* **Data excerpts**
□ □ □ □
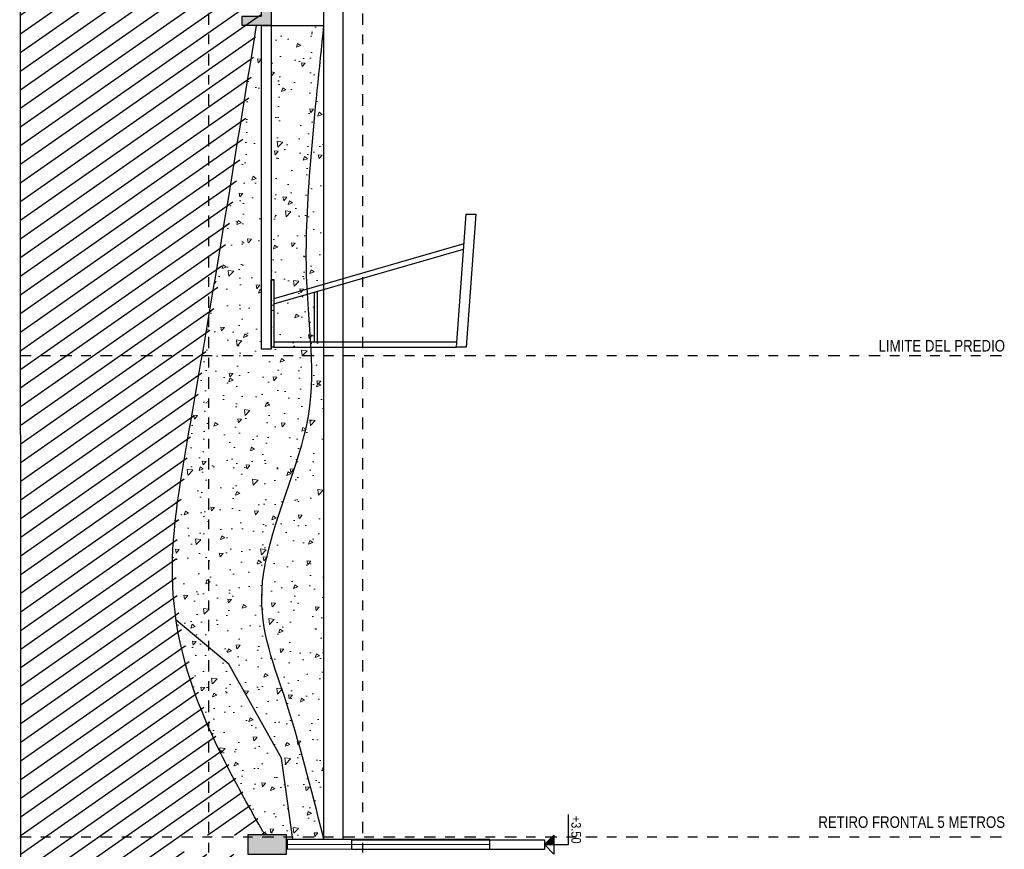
# Model space of a CAD drawing. Header units: millimetres. Extents: x 4617 to 4884, y 1258 to 1784.
# Tile 96 of 256: x 4735.67 to 4745.9, y 1311.48 to 1320.1. Entities that reach past the tile are written whole.
import ezdxf
from ezdxf.enums import TextEntityAlignment as Align

# ---------------------------------------------------------------- set-up
doc = ezdxf.new("R2010")
doc.units = ezdxf.units.MM
doc.header["$LTSCALE"] = 0.4
doc.linetypes.add('DASHDOT', pattern=[1, 0.5, -0.25, 0, -0.25])
for name, color, linetype in [('00 AC - ABERTURAS ALUMINIO - HATCH', 254, 'Continuous'), ('00 AC - CUBIERTA', 1, 'Continuous'), ('00 AC - SUELO', 1, 'Continuous'), ('00 AC - SUELO HATCH', 253, 'Continuous'), ('200', 6, 'Continuous'), ('200cotas50', 1, 'Continuous'), ('A HERRERÍA', 4, 'Continuous'), ('A MURO', 1, 'Continuous'), ('A VEGETACIÓN', 253, 'Continuous')]:
    doc.layers.add(name, color=color, linetype=linetype)
doc.layers.add('A_PAVIMENTO EXT_', color=254, linetype='Continuous', lineweight=9)
doc.styles.add('ARIAL NARROW', font='ARIALN.TTF')

# ---------------------------------------------------------------- blocks, each defined once
blk = doc.blocks.new('Nivel corte')
at = {"color": 0}
for p, q in [((0, 0.2), (0.25, 0.2)), ((0, 0), (0, 0.2)), ((0.0784, 0.0784), (-0.0784, 0.0784)), ((0, 0), (-0.0784, 0.0784)), ((0, 0), (0.0784, 0.0784))]:
    blk.add_line(p, q, dxfattribs=at)
blk.add_solid([(0, 0), (0.0784, 0.0784), (0, 0.0784), (0.0784, 0.0784)], dxfattribs=at)
at = {"color": 0, "style": 'ARIAL NARROW', "flags": 4}
blk.add_attdef('NIVEL', text='', height=0.08, dxfattribs=at).set_placement((0.125, 0.2), align=Align.BOTTOM_CENTER)

msp = doc.modelspace()

# ---------------------------------------------------------------- hatches: boundary and pattern name
at = {"layer": '00 AC - SUELO HATCH'}
h = msp.add_hatch(color=252, dxfattribs=at)
h.dxf.hatch_style = 1
h.paths.add_polyline_path([(4738.284, 1320.847), (4738.284, 1320.037), (4737.984, 1320.037), (4737.984, 1320.137), (4738.184, 1320.137), (4738.184, 1320.847)])
h.paths.add_polyline_path([(4738.284, 1320.967), (4738.284, 1320.847), (4738.184, 1320.847), (4737.984, 1320.847), (4737.984, 1321.367), (4738.134, 1321.367), (4738.134, 1320.967)])
at = {"layer": 'A MURO'}
h = msp.add_hatch(color=256, dxfattribs=at)
h.dxf.hatch_style = 1
h.paths.add_polyline_path([(4738.444, 1311.428), (4738.444, 1311.628), (4738.044, 1311.628), (4738.044, 1311.428)])
at = {"layer": 'A VEGETACIÓN'}
h = msp.add_hatch(dxfattribs=at)
h.set_pattern_fill('LINE', color=253, scale=0.05, angle=-55, double=1)
h.set_pattern_definition([(215, (283.32827, 1219.23544), (0.091055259, -0.130040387), [])])
edge = h.paths.add_edge_path()
edge.add_spline(control_points=[(4738.244, 1311.628), (4737.84, 1312.32), (4737.491, 1313.107), (4737.215, 1314.291), (4737.568, 1316.609), (4738.01, 1318.632), (4738.134, 1320.039)], knot_values=[0, 0, 0, 0, 1.503814, 2.722886, 4.072682, 7.155394, 7.155394, 7.155394, 7.155394], degree=3, periodic=0)
edge.add_line((4738.134, 1320.039), (4738.184, 1320.137))
edge.add_line((4738.184, 1320.137), (4738.184, 1320.847))
edge.add_line((4738.184, 1320.847), (4738.134, 1320.967))
edge.add_line((4738.134, 1320.967), (4738.131, 1321.509))
edge.add_line((4738.131, 1321.509), (4738.143, 1328.563))
edge.add_line((4738.143, 1328.563), (4735.682, 1328.563))
edge.add_line((4735.682, 1328.563), (4735.706, 1261.169))
edge.add_line((4735.706, 1261.169), (4737.189, 1261.169))
edge.add_line((4737.189, 1261.169), (4738.143, 1261.169))
edge.add_line((4738.143, 1261.169), (4738.141, 1262.991))
edge.add_line((4738.141, 1262.991), (4738.133, 1263.198))
edge.add_line((4738.133, 1263.198), (4738.133, 1263.542))
edge.add_line((4738.133, 1263.542), (4738.112, 1264.214))
edge.add_line((4738.112, 1264.214), (4738.126, 1264.36))
edge.add_line((4738.126, 1264.36), (4738.093, 1264.865))
edge.add_line((4738.093, 1264.865), (4738.113, 1265.343))
edge.add_line((4738.113, 1265.343), (4738.132, 1265.914))
edge.add_line((4738.132, 1265.914), (4738.133, 1266.289))
edge.add_line((4738.133, 1266.289), (4738.133, 1266.46))
edge.add_line((4738.133, 1266.46), (4738.133, 1266.552))
edge.add_line((4738.133, 1266.552), (4738.012, 1266.752))
edge.add_line((4738.012, 1266.752), (4738.053, 1269.811))
edge.add_line((4738.053, 1269.811), (4737.573, 1269.811))
edge.add_line((4737.573, 1269.811), (4739.133, 1269.811))
edge.add_line((4739.133, 1269.811), (4739.133, 1303.822))
edge.add_line((4739.133, 1303.822), (4739.042, 1303.822))
edge.add_line((4739.042, 1303.822), (4739.017, 1306.774))
edge.add_line((4739.017, 1306.774), (4738.817, 1306.774))
edge.add_line((4738.817, 1306.774), (4738.817, 1306.924))
edge.add_line((4738.817, 1306.924), (4739.102, 1306.924))
edge.add_line((4739.102, 1306.924), (4739.066, 1309.707))
edge.add_line((4739.066, 1309.707), (4737.523, 1309.704))
edge.add_line((4737.523, 1309.704), (4738.084, 1309.707))
edge.add_line((4738.084, 1309.707), (4738.084, 1311.428))
edge.add_line((4738.084, 1311.428), (4737.383, 1311.425))
edge.add_line((4737.383, 1311.425), (4737.383, 1311.625))
edge.add_line((4737.383, 1311.625), (4737.643, 1311.625))
at = {"layer": 'A_PAVIMENTO EXT_'}
h = msp.add_hatch(dxfattribs=at)
h.set_pattern_fill('AR-CONC', color=256, scale=0.0025, angle=270)
h.set_pattern_definition([(230, (4644.4444, 1771.97546), (-0.45546167, 0.0398477), [0.047625, -0.523875]), (175, (4644.4444, 1771.97546), (0.08810855, -0.4776421), [0.0381, -0.41910146]), (280.45144, (4644.40643, 1771.9788), (-0.3673531, -0.4377944), [0.040475, -0.4452256]), (226.1842, (4644.4444, 1771.84846), (-0.6776976, 0.1051058), [0.0714375, -0.7858125]), (276.63556, (4644.3879, 1771.8572), (-0.5935103, -0.6185653), [0.0607126, -0.667839]), (171.18415, (4644.4444, 1771.84846), (-0.5935103, -0.6185653), [0.0571499, -0.6286493]), (201, (4644.3809, 1771.8802), (-0.37903598, 0.255663), [0.047625, -0.523875]), (146, (4644.3809, 1771.8802), (-0.15450507, -0.4604699), [0.0381, -0.4191]), (251.45144, (4644.3493, 1771.9015), (-0.53354105, -0.20480692), [0.040475, -0.44522484]), (217.5, (4644.44439, 1771.97546), (-0.00772151, -0.2113876), [0, -0.41402, 0, -0.42545, 0, -0.4206875]), (187.5, (4644.44439, 1771.97546), (-0.16704916, -0.25045144), [0, -0.24257, 0, -0.404495, 0, -0.1603375]), (147.5, (4644.58599, 1771.97546), (-0.33897649, 0.01432186), [0, -0.15875, 0, -0.4953, 0, -0.657225]), (137.5, (4644.6495, 1771.97546), (-0.37032295, -0.06356623), [0, -0.206375, 0, -0.32893, 0, -0.466725])])
edge = h.paths.add_edge_path()
edge.add_spline(control_points=[(4738.833, 1320.024), (4738.737, 1319.124), (4738.546, 1317.321), (4738.876, 1316.063), (4737.986, 1314.214), (4738.478, 1312.993), (4738.701, 1312.105), (4738.824, 1311.615)], knot_values=[0, 0, 0, 0, 1.532978, 3.074334, 4.42413, 5.643202, 7.147016, 7.147016, 7.147016, 7.147016], degree=3, periodic=0)
edge.add_spline(control_points=[(4738.824, 1311.615), (4738.827, 1311.604), (4738.83, 1311.594), (4738.833, 1311.583)], knot_values=[-0.032651, -0.032651, -0.032651, -0.032651, 0, 0, 0, 0], degree=3, periodic=0)
edge.add_line((4738.833, 1311.583), (4738.833, 1320.024))
edge = h.paths.add_edge_path()
edge.add_line((4738.244, 1311.628), (4738.444, 1311.628))
edge.add_line((4738.444, 1311.628), (4738.444, 1311.613))
edge.add_line((4738.444, 1311.613), (4738.833, 1311.583))
edge.add_spline(control_points=[(4738.833, 1311.583), (4738.832, 1311.585), (4738.832, 1311.587), (4738.831, 1311.589)], knot_values=[-0.032651, -0.032651, -0.032651, -0.032651, -0.027101, -0.027101, -0.027101, -0.027101], degree=3, periodic=0)
edge.add_spline(control_points=[(4738.831, 1311.589), (4738.829, 1311.597), (4738.827, 1311.606), (4738.824, 1311.615)], knot_values=[-0.027101, -0.027101, -0.027101, -0.027101, 0, 0, 0, 0], degree=3, periodic=0)
edge.add_spline(control_points=[(4738.824, 1311.615), (4738.751, 1311.906), (4738.678, 1312.197), (4738.598, 1312.484)], knot_values=[0, 0, 0, 0, 0.893901, 0.893901, 0.893901, 0.893901], degree=3, periodic=0)
edge.add_spline(control_points=[(4738.598, 1312.484), (4738.543, 1312.68), (4738.458, 1312.964), (4738.362, 1313.241), (4738.333, 1313.329)], knot_values=[0.893901, 0.893901, 0.893901, 0.893901, 1.503814, 1.788848, 1.788848, 1.788848, 1.788848], degree=3, periodic=0)
edge.add_spline(control_points=[(4738.333, 1313.329), (4738.311, 1313.398), (4738.289, 1313.468), (4738.27, 1313.538)], knot_values=[1.788848, 1.788848, 1.788848, 1.788848, 2.011278, 2.011278, 2.011278, 2.011278], degree=3, periodic=0)
edge.add_spline(control_points=[(4738.27, 1313.538), (4738.25, 1313.608), (4738.233, 1313.68), (4738.22, 1313.752)], knot_values=[2.011278, 2.011278, 2.011278, 2.011278, 2.233444, 2.233444, 2.233444, 2.233444], degree=3, periodic=0)
edge.add_spline(control_points=[(4738.22, 1313.752), (4738.213, 1313.789), (4738.207, 1313.827), (4738.202, 1313.865)], knot_values=[2.233444, 2.233444, 2.233444, 2.233444, 2.34649, 2.34649, 2.34649, 2.34649], degree=3, periodic=0)
edge.add_spline(control_points=[(4738.202, 1313.865), (4738.193, 1313.939), (4738.187, 1314.016), (4738.188, 1314.095)], knot_values=[2.34649, 2.34649, 2.34649, 2.34649, 2.569965, 2.569965, 2.569965, 2.569965], degree=3, periodic=0)
edge.add_spline(control_points=[(4738.188, 1314.095), (4738.188, 1314.136), (4738.19, 1314.176), (4738.193, 1314.218)], knot_values=[2.569965, 2.569965, 2.569965, 2.569965, 2.683273, 2.683273, 2.683273, 2.683273], degree=3, periodic=0)
edge.add_spline(control_points=[(4738.193, 1314.218), (4738.194, 1314.233), (4738.198, 1314.272), (4738.203, 1314.313), (4738.207, 1314.339)], knot_values=[2.683273, 2.683273, 2.683273, 2.683273, 2.722886, 2.791339, 2.791339, 2.791339, 2.791339], degree=3, periodic=0)
edge.add_spline(control_points=[(4738.207, 1314.339), (4738.219, 1314.423), (4738.238, 1314.51), (4738.26, 1314.598)], knot_values=[2.791339, 2.791339, 2.791339, 2.791339, 3.013658, 3.013658, 3.013658, 3.013658], degree=3, periodic=0)
edge.add_spline(control_points=[(4738.26, 1314.598), (4738.272, 1314.645), (4738.285, 1314.692), (4738.299, 1314.739)], knot_values=[3.013658, 3.013658, 3.013658, 3.013658, 3.130485, 3.130485, 3.130485, 3.130485], degree=3, periodic=0)
edge.add_spline(control_points=[(4738.299, 1314.739), (4738.325, 1314.828), (4738.353, 1314.917), (4738.383, 1315.007)], knot_values=[3.130485, 3.130485, 3.130485, 3.130485, 3.349766, 3.349766, 3.349766, 3.349766], degree=3, periodic=0)
edge.add_spline(control_points=[(4738.383, 1315.007), (4738.444, 1315.191), (4738.51, 1315.375), (4738.565, 1315.552)], knot_values=[3.349766, 3.349766, 3.349766, 3.349766, 3.796259, 3.796259, 3.796259, 3.796259], degree=3, periodic=0)
edge.add_spline(control_points=[(4738.565, 1315.552), (4738.599, 1315.662), (4738.647, 1315.837), (4738.676, 1316), (4738.684, 1316.062)], knot_values=[3.796259, 3.796259, 3.796259, 3.796259, 4.072682, 4.246315, 4.246315, 4.246315, 4.246315], degree=3, periodic=0)
edge.add_spline(control_points=[(4738.684, 1316.062), (4738.695, 1316.142), (4738.702, 1316.221), (4738.705, 1316.298)], knot_values=[4.246315, 4.246315, 4.246315, 4.246315, 4.472118, 4.472118, 4.472118, 4.472118], degree=3, periodic=0)
edge.add_spline(control_points=[(4738.705, 1316.298), (4738.712, 1316.45), (4738.706, 1316.6), (4738.696, 1316.754)], knot_values=[4.472118, 4.472118, 4.472118, 4.472118, 4.916769, 4.916769, 4.916769, 4.916769], degree=3, periodic=0)
edge.add_spline(control_points=[(4738.696, 1316.754), (4738.681, 1316.997), (4738.648, 1317.325), (4738.65, 1317.732), (4738.652, 1317.824)], knot_values=[4.916769, 4.916769, 4.916769, 4.916769, 5.614038, 5.810351, 5.810351, 5.810351, 5.810351], degree=3, periodic=0)
edge.add_spline(control_points=[(4738.652, 1317.824), (4738.657, 1318.033), (4738.669, 1318.26), (4738.686, 1318.497)], knot_values=[5.810351, 5.810351, 5.810351, 5.810351, 6.253733, 6.253733, 6.253733, 6.253733], degree=3, periodic=0)
edge.add_spline(control_points=[(4738.686, 1318.497), (4738.704, 1318.738), (4738.727, 1318.991), (4738.752, 1319.25)], knot_values=[6.253733, 6.253733, 6.253733, 6.253733, 6.704243, 6.704243, 6.704243, 6.704243], degree=3, periodic=0)
edge.add_spline(control_points=[(4738.752, 1319.25), (4738.778, 1319.504), (4738.805, 1319.764), (4738.833, 1320.024)], knot_values=[6.704243, 6.704243, 6.704243, 6.704243, 7.147016, 7.147016, 7.147016, 7.147016], degree=3, periodic=0)
edge.add_line((4738.833, 1320.024), (4738.833, 1320.039))
edge.add_line((4738.833, 1320.039), (4738.133, 1320.039))
edge.add_spline(control_points=[(4738.133, 1320.037), (4738.001, 1319.218), (4737.868, 1318.4), (4737.736, 1317.604)], knot_values=[5.366545, 5.366545, 5.366545, 5.366545, 7.155394, 7.155394, 7.155394, 7.155394], degree=3, periodic=0)
edge.add_spline(control_points=[(4737.736, 1317.604), (4737.64, 1317.028), (4737.492, 1316.151), (4737.343, 1315.323), (4737.307, 1315.038)], knot_values=[3.354091, 3.354091, 3.354091, 3.354091, 4.647954, 5.366545, 5.366545, 5.366545, 5.366545], degree=3, periodic=0)
edge.add_spline(control_points=[(4737.307, 1315.038), (4737.284, 1314.86), (4737.268, 1314.686), (4737.261, 1314.516)], knot_values=[2.906879, 2.906879, 2.906879, 2.906879, 3.354091, 3.354091, 3.354091, 3.354091], degree=3, periodic=0)
edge.add_spline(control_points=[(4737.261, 1314.516), (4737.259, 1314.447), (4737.257, 1314.279), (4737.267, 1314.117), (4737.277, 1314.023)], knot_values=[2.459667, 2.459667, 2.459667, 2.459667, 2.643659, 2.906879, 2.906879, 2.906879, 2.906879], degree=3, periodic=0)
edge.add_spline(control_points=[(4737.277, 1314.023), (4737.293, 1313.863), (4737.32, 1313.708), (4737.356, 1313.557)], knot_values=[2.012455, 2.012455, 2.012455, 2.012455, 2.459667, 2.459667, 2.459667, 2.459667], degree=3, periodic=0)
edge.add_spline(control_points=[(4737.356, 1313.557), (4737.41, 1313.33), (4737.484, 1313.111), (4737.571, 1312.897)], knot_values=[1.341636, 1.341636, 1.341636, 1.341636, 2.012455, 2.012455, 2.012455, 2.012455], degree=3, periodic=0)
edge.add_spline(control_points=[(4737.571, 1312.897), (4737.687, 1312.613), (4737.826, 1312.339), (4737.974, 1312.068)], knot_values=[0.447212, 0.447212, 0.447212, 0.447212, 1.341636, 1.341636, 1.341636, 1.341636], degree=3, periodic=0)
edge.add_spline(control_points=[(4737.974, 1312.068), (4738.047, 1311.932), (4738.123, 1311.797), (4738.199, 1311.663)], knot_values=[0, 0, 0, 0, 0.447212, 0.447212, 0.447212, 0.447212], degree=3, periodic=0)
edge.add_spline(control_points=[(4738.199, 1311.663), (4738.206, 1311.657), (4738.214, 1311.651), (4738.221, 1311.645)], knot_values=[-0.019251, -0.019251, -0.019251, -0.019251, 0, 0, 0, 0], degree=3, periodic=0)
edge.add_spline(control_points=[(4738.221, 1311.645), (4738.229, 1311.639), (4738.236, 1311.634), (4738.244, 1311.628)], knot_values=[-0.038502, -0.038502, -0.038502, -0.038502, -0.019251, -0.019251, -0.019251, -0.019251], degree=3, periodic=0)
h.paths.add_polyline_path([(4738.284, 1320.039), (4738.284, 1316.697), (4738.184, 1316.697), (4738.184, 1320.039)], flags=16)

# ---------------------------------------------------------------- linework, layer by layer
at = {"layer": '00 AC - ABERTURAS ALUMINIO - HATCH', "color": 251}
for p, q in [((4740.288, 1317.768), (4738.314, 1317.199)), ((4738.314, 1317.147), (4740.285, 1317.715))]:
    msp.add_line(p, q, dxfattribs=at)
for points in [[(4740.211, 1316.697), (4740.311, 1318.077), (4740.411, 1318.077), (4740.311, 1316.697)], [(4738.284, 1316.697), (4738.284, 1317.398), (4738.314, 1317.398), (4738.314, 1316.697)]]:
    msp.add_lwpolyline(points, close=True, dxfattribs=at)
for points in [[(4738.734, 1316.747), (4738.734, 1317.268)], [(4738.764, 1317.277), (4738.764, 1316.747)], [(4740.214, 1316.747), (4738.314, 1316.747), (4738.314, 1316.697), (4740.211, 1316.697)]]:
    msp.add_lwpolyline(points, dxfattribs=at)
at = {"layer": '00 AC - CUBIERTA', "color": 252}
for points in [[(4738.833, 1311.577), (4738.833, 1320.817)], [(4739.033, 1311.577), (4739.033, 1320.817)], [(4738.284, 1320.039), (4738.834, 1320.039)]]:
    msp.add_lwpolyline(points, dxfattribs=at)
at = {"layer": '00 AC - SUELO'}
msp.add_lwpolyline([(4738.284, 1320.847), (4738.284, 1320.037), (4737.984, 1320.037), (4737.984, 1320.137), (4738.184, 1320.137), (4738.184, 1320.847)], close=True, dxfattribs=at)
at = {"layer": '200', "color": 2, "linetype": 'DASHDOT', "ltscale": 0.6}
for p, q in [((4735.673, 1316.609), (4745.88, 1316.609)), ((4735.673, 1311.609), (4745.88, 1311.609))]:
    msp.add_line(p, q, dxfattribs=at)
for points in [[(4737.633, 1328.564), (4737.633, 1261.169)], [(4739.233, 1328.564), (4739.233, 1261.169)]]:
    msp.add_lwpolyline(points, dxfattribs=at)
at = {"layer": '200', "color": 2, "ltscale": 0.6}
msp.add_lwpolyline([(4738.284, 1320.037), (4738.284, 1316.675), (4738.184, 1316.675), (4738.184, 1320.037)], close=True, dxfattribs=at)
at = {"layer": 'A HERRERÍA'}
for points in [[(4738.451, 1311.478), (4740.558, 1311.481), (4740.558, 1311.581), (4738.451, 1311.578), (4738.451, 1311.478)], [(4738.451, 1311.528), (4740.558, 1311.531)]]:
    msp.add_lwpolyline(points, dxfattribs=at)
msp.add_lwpolyline([(4741.124, 1311.577), (4741.124, 1311.477), (4739.124, 1311.477), (4739.124, 1311.577)], close=True, dxfattribs=at)
at = {"layer": 'A MURO'}
for p, q in [((4735.673, 1328.564), (4735.706, 1261.169)), ((4738.081, 1311.6), (4738.081, 1311.6))]:
    msp.add_line(p, q, dxfattribs=at)
msp.add_lwpolyline([(4738.511, 1311.578), (4738.393, 1312.424), (4737.846, 1313.402), (4737.298, 1313.858)], dxfattribs=at)
msp.add_lwpolyline([(4738.444, 1311.428), (4738.444, 1311.628), (4738.044, 1311.628), (4738.044, 1311.428)], close=True, dxfattribs=at)
for points, knots in [([(4738.244, 1311.628), (4738.229, 1311.639), (4738.214, 1311.651), (4738.199, 1311.663), (4737.738, 1312.483), (4737.05, 1313.71), (4737.577, 1316.598), (4737.905, 1318.626), (4738.133, 1320.037)], [-0.038502, -0.038502, -0.038502, -0.038502, 0, 0, 0, 2.722886, 4.072682, 7.155394, 7.155394, 7.155394, 7.155394]), ([(4738.834, 1311.578), (4738.831, 1311.59), (4738.828, 1311.602), (4738.824, 1311.615), (4738.701, 1312.105), (4738.478, 1312.993), (4737.986, 1314.214), (4738.876, 1316.063), (4738.545, 1317.323), (4738.738, 1319.134), (4738.834, 1320.039)], [-0.038502, -0.038502, -0.038502, -0.038502, 0, 0, 0, 1.503814, 2.722886, 4.072682, 5.614038, 7.155394, 7.155394, 7.155394, 7.155394])]:
    msp.add_open_spline(points, degree=3, knots=knots, dxfattribs=at)

# ---------------------------------------------------------------- block references
at = {"layer": '200cotas50'}
ref = msp.add_blockref('Nivel corte', (4741.124, 1311.527), dxfattribs=dict(at, xscale=-1.25, yscale=1.25, zscale=1.25, rotation=269.9999999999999))
ref.add_attrib('NIVEL', '+3.50', dxfattribs={"layer": '0', "color": 0, "height": 0.1, "rotation": 270, "style": 'ARIAL NARROW', "flags": 4}).set_placement((4741.374, 1311.682), align=Align.BOTTOM_CENTER)

# ---------------------------------------------------------------- texts
at = {"layer": '200cotas50', "char_height": 0.12, "attachment_point": 9, "style": 'ARIAL NARROW'}
for s, width, insert in [('LIMITE DEL PREDIO', 1.98618, (4745.909, 1316.649)), ('RETIRO FRONTAL 5 METROS', 2.61327, (4745.909, 1311.699))]:
    msp.add_mtext_dynamic_manual_height_columns(s, width=width, gutter_width=0.9, heights=[0], dxfattribs=dict(at, insert=insert))

doc.saveas('drawing.dxf')
□ □ □ □
Proceeding from the line containing "2.791339], degree=3, periodic=0)" through the line containing "3.013658], degree=3, periodic=0)", transcribe the lines above exactly, both end lines included.

* **TASK ANSWER**
edge.add_spline(control_points=[(4738.193, 1314.218), (4738.194, 1314.233), (4738.198, 1314.272), (4738.203, 1314.313), (4738.207, 1314.339)], knot_values=[2.683273, 2.683273, 2.683273, 2.683273, 2.722886, 2.791339, 2.791339, 2.791339, 2.791339], degree=3, periodic=0)
edge.add_spline(control_points=[(4738.207, 1314.339), (4738.219, 1314.423), (4738.238, 1314.51), (4738.26, 1314.598)], knot_values=[2.791339, 2.791339, 2.791339, 2.791339, 3.013658, 3.013658, 3.013658, 3.013658], degree=3, periodic=0)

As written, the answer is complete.